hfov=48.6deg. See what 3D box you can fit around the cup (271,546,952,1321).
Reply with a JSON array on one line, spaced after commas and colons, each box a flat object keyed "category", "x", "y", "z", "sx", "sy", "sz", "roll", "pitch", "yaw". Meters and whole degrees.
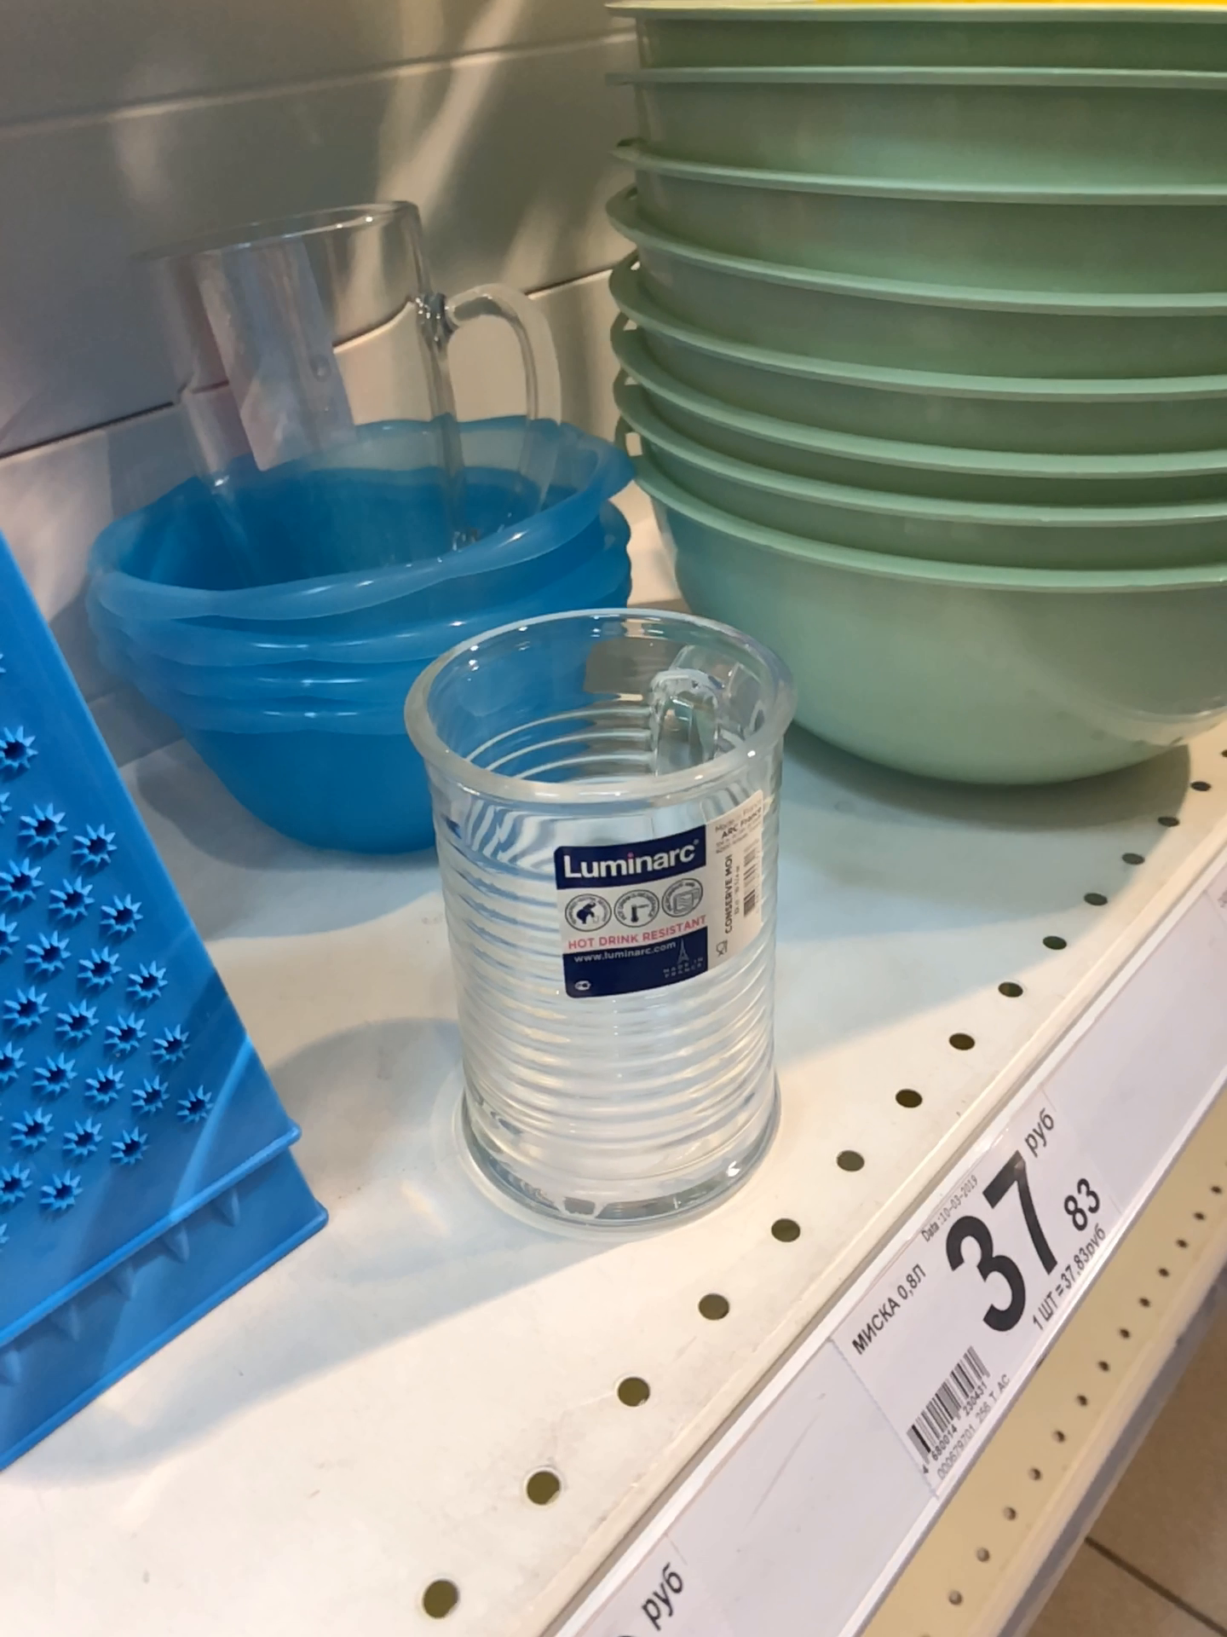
[{"category": "cup", "x": 0.004, "y": 0.017, "z": 0.291, "sx": 0.087, "sy": 0.104, "sz": 0.102, "roll": 23, "pitch": 42, "yaw": 32}]
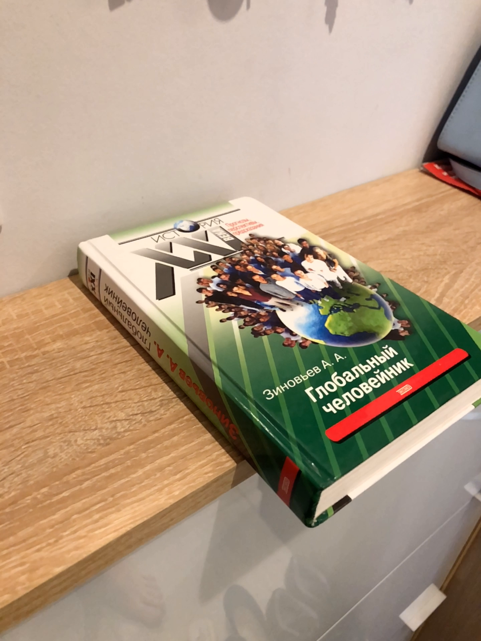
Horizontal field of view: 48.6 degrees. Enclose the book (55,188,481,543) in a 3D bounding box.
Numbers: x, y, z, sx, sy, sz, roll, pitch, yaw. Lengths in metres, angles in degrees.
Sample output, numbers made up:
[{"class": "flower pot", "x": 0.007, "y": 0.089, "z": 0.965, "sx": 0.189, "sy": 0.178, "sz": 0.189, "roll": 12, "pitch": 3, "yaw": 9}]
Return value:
[{"class": "book", "x": 0.014, "y": -0.008, "z": 0.287, "sx": 0.141, "sy": 0.020, "sz": 0.221, "roll": -23, "pitch": 45, "yaw": -31}]
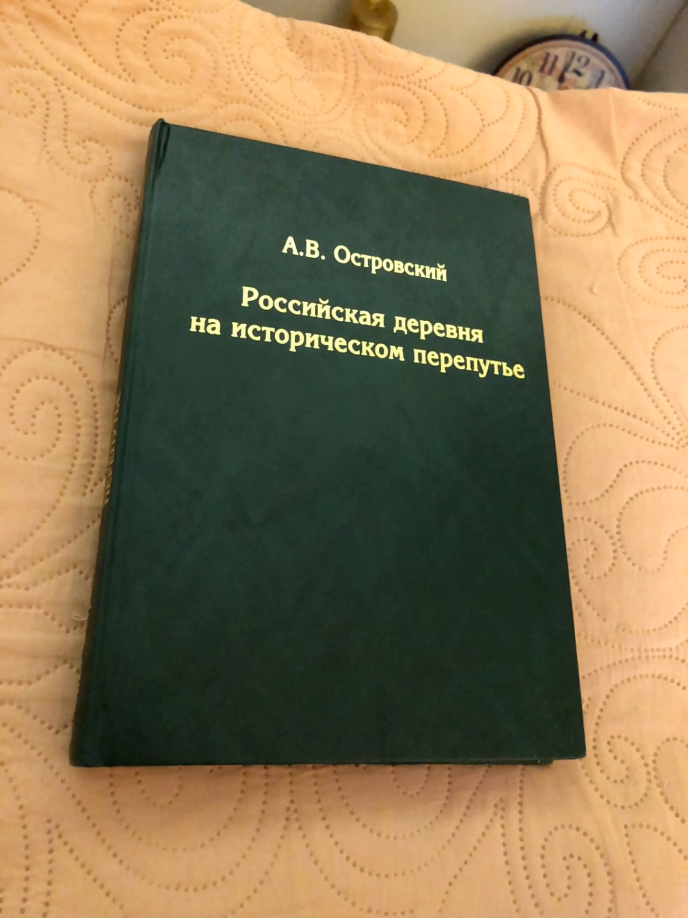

> [Work required] From the first line to the last, transcribe the listing exactly; skip the pictures.

> [Response]
hfov=48.6deg. See what 3D box you can fit around the cup (271,546,952,1321).
Reply with a JSON array on one line, spaced after commas and colons, each box a flat object keyed "category", "x", "y", "z", "sx", "sy", "sz", "roll", "pitch", "yaw". Meters and whole degrees.
[{"category": "cup", "x": 0.004, "y": 0.017, "z": 0.291, "sx": 0.087, "sy": 0.104, "sz": 0.102, "roll": 23, "pitch": 42, "yaw": 32}]
Horizontal field of view: 48.6 degrees. Enclose the book (55,188,481,543) in a 3D bounding box.
Numbers: x, y, z, sx, sy, sz, roll, pitch, yaw. Lengths in metres, angles in degrees.
Sample output, numbers made up:
[{"class": "flower pot", "x": 0.007, "y": 0.089, "z": 0.965, "sx": 0.189, "sy": 0.178, "sz": 0.189, "roll": 12, "pitch": 3, "yaw": 9}]
Return value:
[{"class": "book", "x": 0.014, "y": -0.008, "z": 0.287, "sx": 0.141, "sy": 0.020, "sz": 0.221, "roll": -23, "pitch": 45, "yaw": -31}]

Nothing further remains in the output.